Ironically, food, which often brings people together, is at the heart of the Jain prejudice against Muslims.

The Jain community, India’s smallest and most literate religious minority, cites non-vegetarianism as the reason for routinely denying housing to Muslims. They believe Islam to be antithetical to the central tenet of Jainism, which teaches that no living being should injure or kill any creature or living being.

But what one often hears sounds less like concerns for God’s creatures and more like thinly veiled xenophobia. In Meerut, which has a powerful and affluent Jain community, I was told that “most” Muslims “smell,” “live in dirty conditions” and “they just want to take over good Hindu neighborhoods so their good-for-nothing young men can chase after Hindu girls”.

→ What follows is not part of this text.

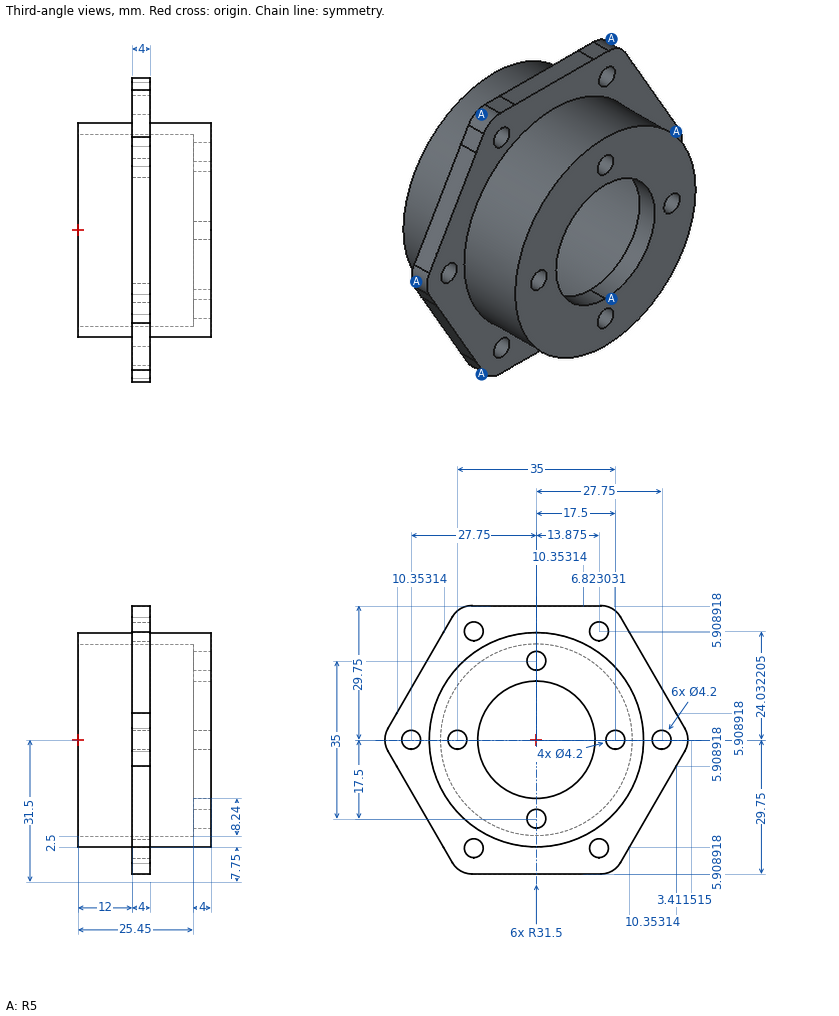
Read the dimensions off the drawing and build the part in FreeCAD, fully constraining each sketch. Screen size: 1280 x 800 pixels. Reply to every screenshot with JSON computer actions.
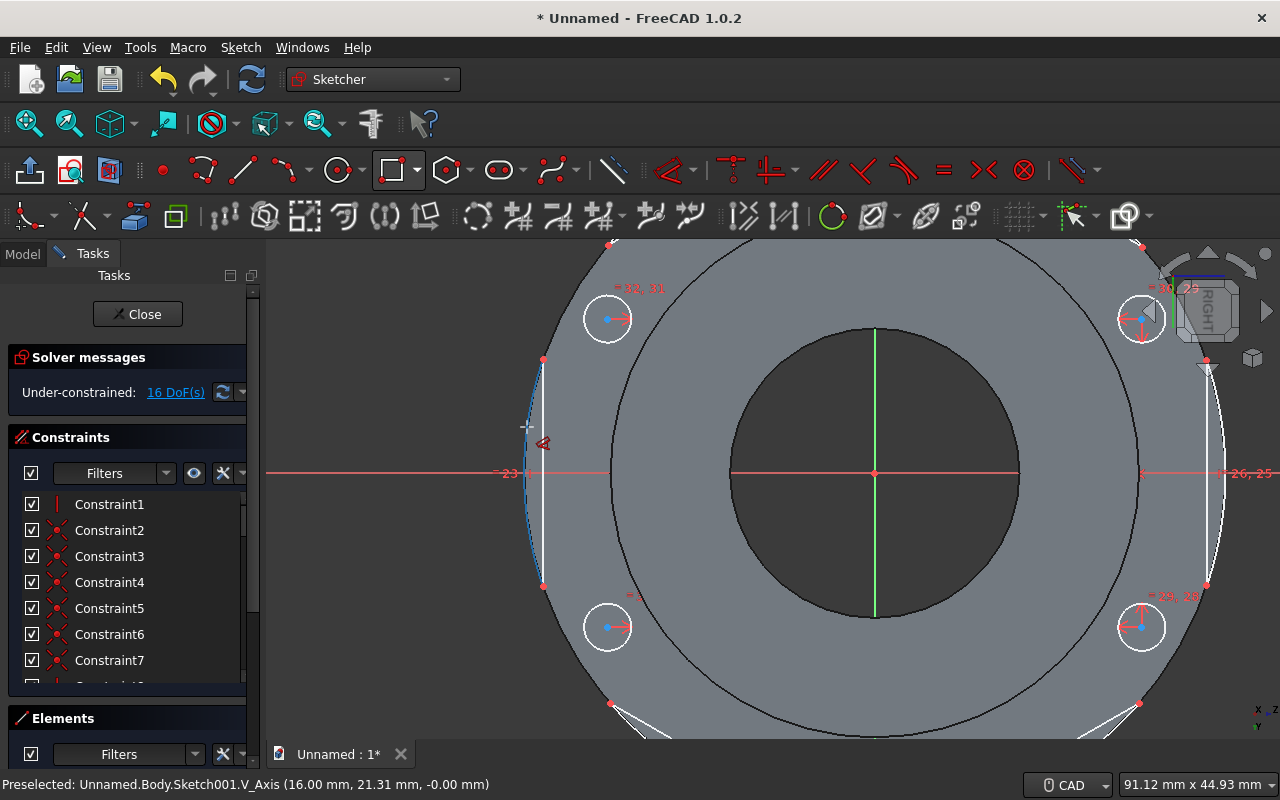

The Jains are not alone in espousing such views, as many upper-caste Hindus also couch their prejudices in the language of vegetarianism versus non-vegetarianism.

When I pointed out that plenty of Hindus eat meat, one middle-aged Jain man countered, “But Hindus don’t eat meat every day. It isn’t in their blood.” Another Jain man replied, “Hindus don’t actually kill the animals. If you can actually slaughter animals, it shows you have no feelings.”

And then there is always this argument, “Have you ever heard of a Hindu wanting to go live in a Muslim neighborhood? No, never. Can we even live in peace in their neighborhood? No, never. Go see the way they live. Why are journalists like you always writing one-sided reports?”

There was a time when such prejudiced remarks were made in the confines of a close family circle. But in the three years since the Bharatiya Janata Party has come to power, emboldening the radical right, it has been observed by many that people feel comfortable expressing such xenophobic sentiments in public spaces, even to strangers.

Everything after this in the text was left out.